Among the newest kinds of financing are litigation loans and advance funding arrangements. Both have significant drawbacks that could be costly to address. There should be a standard set of guidelines for all forms of debt financing, including pre-settlement loans. In most nations, guidelines for either of these funding options are minimal at best. Although there are rules and regulations to protect mortgages, auto loans, and other types of private borrowing, these contracts fall outside their purview.
Borrowers often have no new financial responsibility due to advance funding arrangements. If the funder is given preference over the plaintiff for the share of revenues in case of a settlement or award, the litigant may get very little money.
Government lawsuits pose a threat to the legal funding industry.

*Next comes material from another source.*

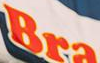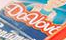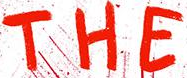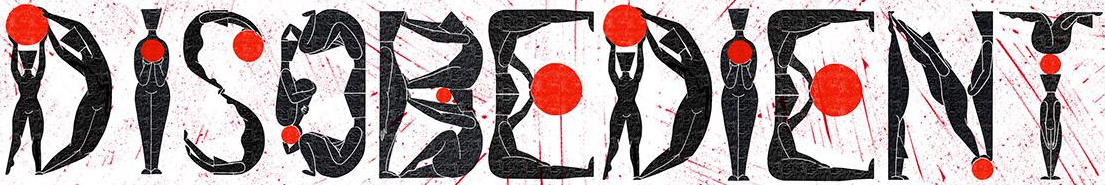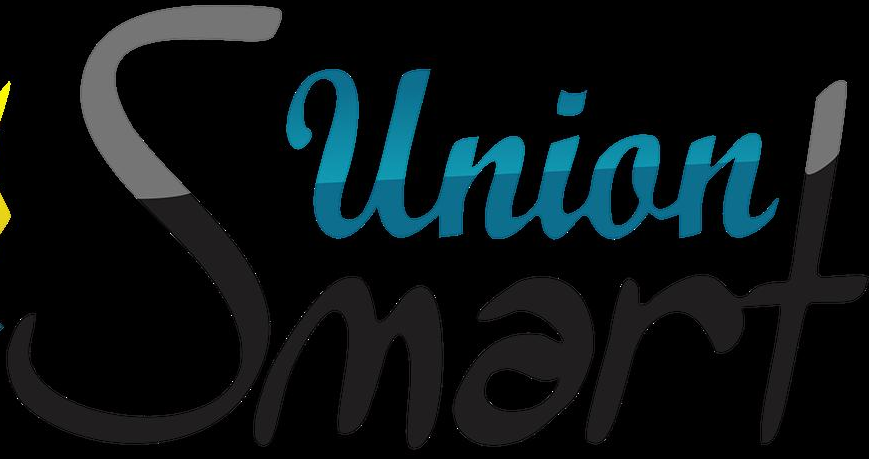Read the text from these images in sequence, separated by a semicolon. Bra; Davbv; THE; DISOBEDIENT; Smart 
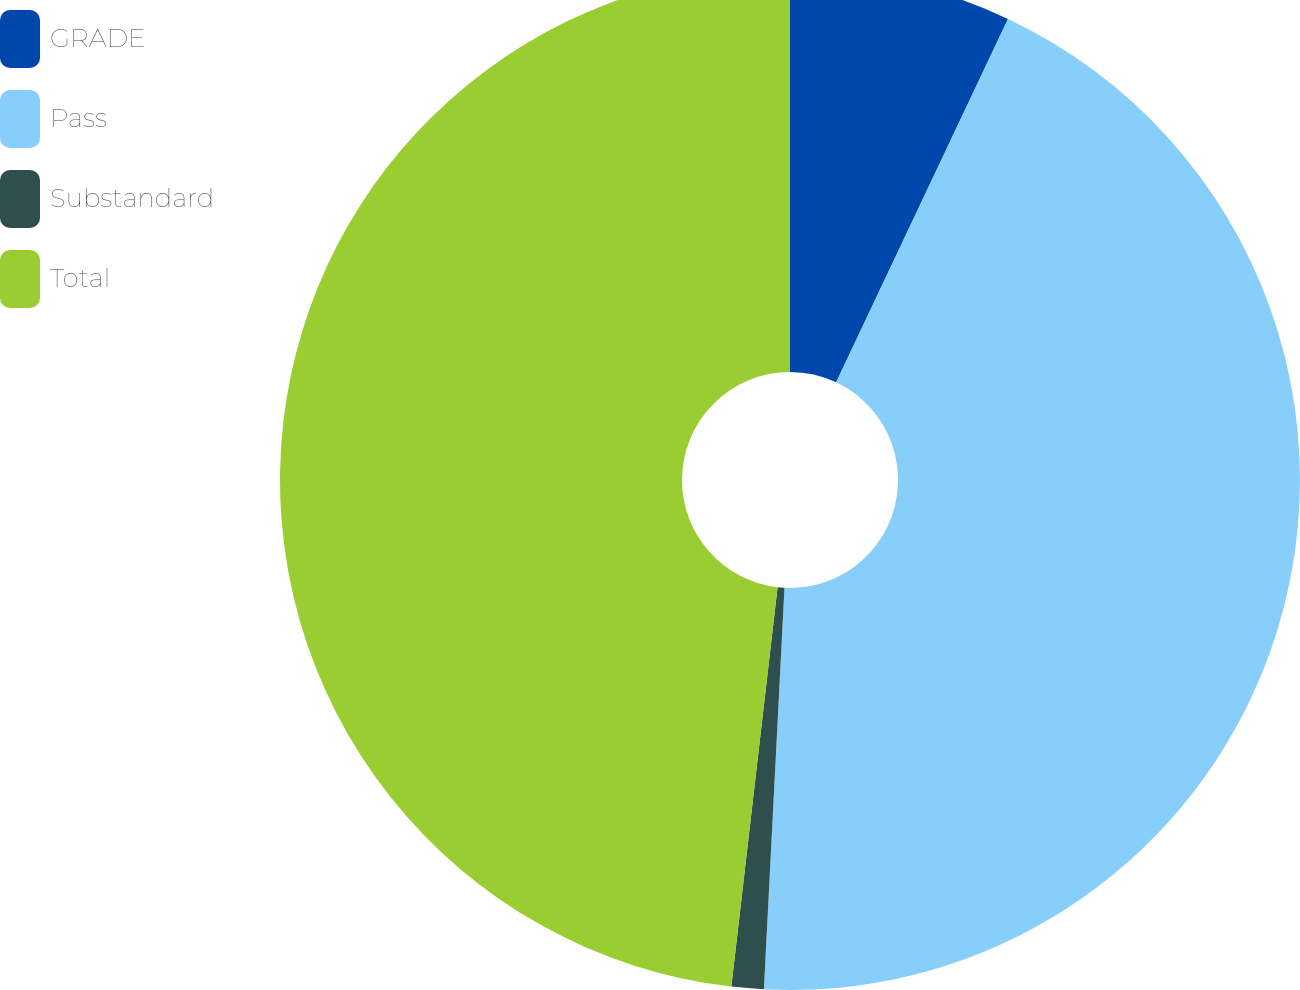Convert chart. <chart><loc_0><loc_0><loc_500><loc_500><pie_chart><fcel>GRADE<fcel>Pass<fcel>Substandard<fcel>Total<nl><fcel>7.03%<fcel>43.79%<fcel>1.02%<fcel>48.17%<nl></chart>

It's no surprise that settlement loans and advances have garnered so much attention in the media, given the stakes. For instance, in February 2017, the New York attorney general and the Consumer Financial Protection Bureau launched a lawsuit against a lender for allegedly offering pricey court suit loans before settlement to sick Sept. 11 responders and retired NFL players who had concussions problems. The authorities are investigating allegations that the lender participated in unethical practices by charging interest rates of up to 250% and other excessive fees. The lender earned tens of millions from settlement funding.
Overall, to Summarise
Do not be in a hurry to seek a loan or cash advance based on a litigation settlement. The federal and state levels of government have inadequately regulated these agreements and they are also unreasonably expensive. If you've been injured and can't make ends meet because of it, filing a lawsuit may not be the best use of your money.
If you have no choice but to dip into your retirement funds, do so. Taking a 401(k) loan might cut retirement income, so it's essential to think carefully about the consequences. Still, it could be less expensive and risky than poorly regulated, high-cost alternatives.
Borrowing from a 401(k) or family member is only one of many alternatives available to people who are temporarily strapped for cash.